_Instructions to follow_
The answer must be every line of the records below that holds the word "obstacles".
┏━━
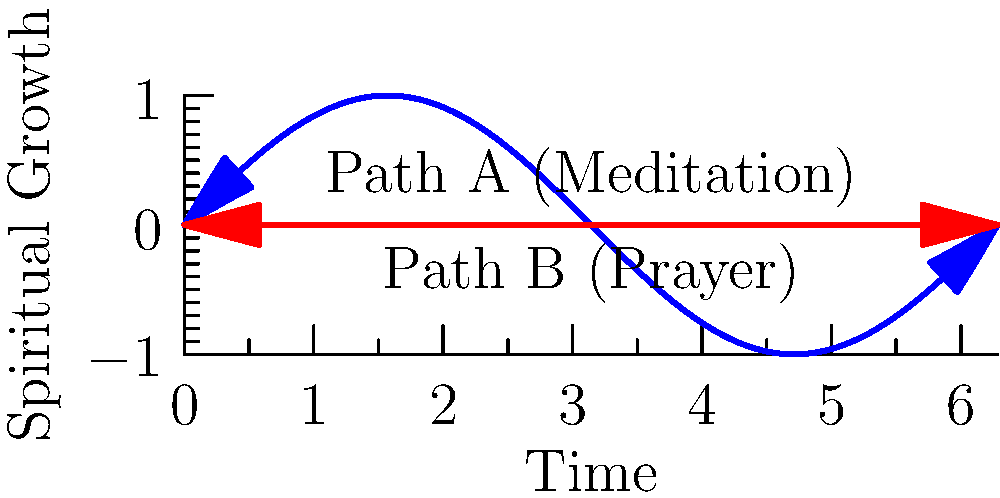Consider two spiritual practices represented by paths in the naval setting: Path A (Meditation) and Path B (Prayer). Are these paths homotopy equivalent in the given space-time representation? To determine if the two paths are homotopy equivalent, we need to follow these steps:

1. Understand the concept of homotopy equivalence:
   Two paths are homotopy equivalent if one can be continuously deformed into the other without leaving the space.

2. Analyze the given paths:
   Path A (Meditation) is represented by a sinusoidal curve.
   Path B (Prayer) is represented by a straight line.

3. Consider the space:
   The space is a 2D plane representing time and spiritual growth.

4. Examine the endpoints:
   Both paths have the same starting point (0,0) and ending point (2π,0).

5. Check for obstacles:
   There are no obstacles or holes in the space that would prevent continuous deformation.

6. Continuous deformation:
   We can imagine gradually "flattening" the sinusoidal curve of Path A to the straight line of Path B without leaving the plane.

7. Reversibility:
   The deformation process can be reversed, transforming Path B into Path A.

Given these considerations, we can conclude that the two paths are indeed homotopy equivalent in this representation.
Answer: Yes, homotopy equivalent.
┗━━
_Result of this task_
5. Check for obstacles:
   There are no obstacles or holes in the space that would prevent continuous deformation.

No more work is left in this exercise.